Future Work. Running this study on a large scale and then averaging the color for every pixel from the study results would generate one final image which may or may not look similar to the model’s XRAI heatmap. If it does look similar, this can suggest that humans do use similar features that these models use when reasoning the classification of an image. The collected human-generated saliency maps can be used to fine tune a model to generate saliency maps that are human-like. It could be useful to just see the output of this expeirment regardless to identify future directions.
(View doberman image - for testing purposes)
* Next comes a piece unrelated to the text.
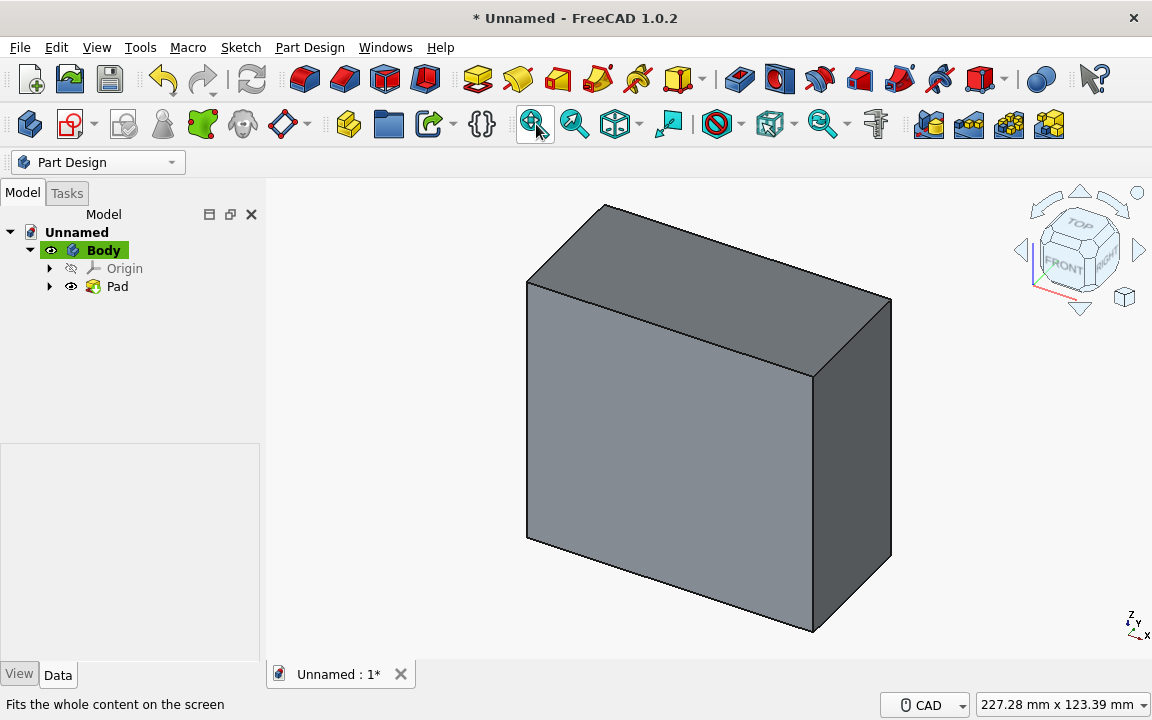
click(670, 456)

Different convolutional models perform slightly different when presented corrupted images. This can be determined by just reading the prediction from the model. For example, when you apply a glass blur of severity 2 on the image, an inception_v3 will predict it is an Airedale terrier. When you use a VGG it will predict that it is instead a Tibetan mastiff. All you can see is the prediction of each of these two models, but viewing the saliency map for both of these predictions will show how it deviates from the important features in the original image.
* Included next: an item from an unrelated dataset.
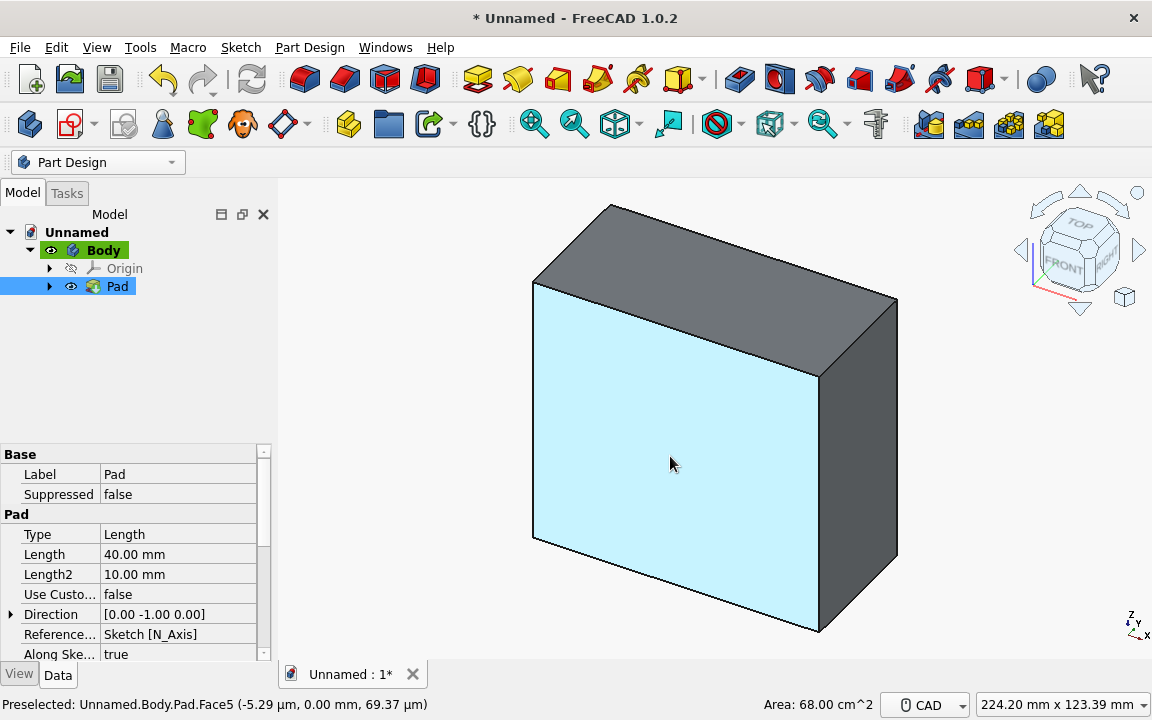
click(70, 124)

Corruption glass blur of severity 2 applied. Inception V3 predicted an Airedale terrier. Note: this image was obtained from ImageNet-C.
The model is looking at different features when the image is slightly corrupt with glass blur (severity level 2). It focuses more on the shape of the dogs body in the XRAI heatmap here, too.
Corruption glass blur of severity 2. VGG-16 predicted a Rottweiler. Note: this image was obtained from ImageNet-C.
Here, the model is looking again strongly at the shape of the image, but is focusing on different features to get to its decision.
To learn more about shape bias and the texture cue-conflict dataset, please view this GitHub repository. Looking at conflicting shapes/texture stylization where the shape is a dpg amd the texture is an elephant:
Shape of dog stylized with texture of elephant. InceptionV3 prediction is ‘African elephant, Loxodonta africana’. We can see from XRAI that this model focuses heavily on the texture markings of the elephant instead of the general shape of the dog.
Now looking at where the shape is a cat and the texture is an elephant:
The InceptionV3 prediction was also ‘African elephant, Loxodonta africana’. We can see it is focusing on the creases in the elephant skin.
These results are just preliminary experiments that I did. More work should be done on other models, other corruptions from ImageNet-C, and other texture cue-conflicts. Should continue this more on other severity levels, other corruptions, and other models.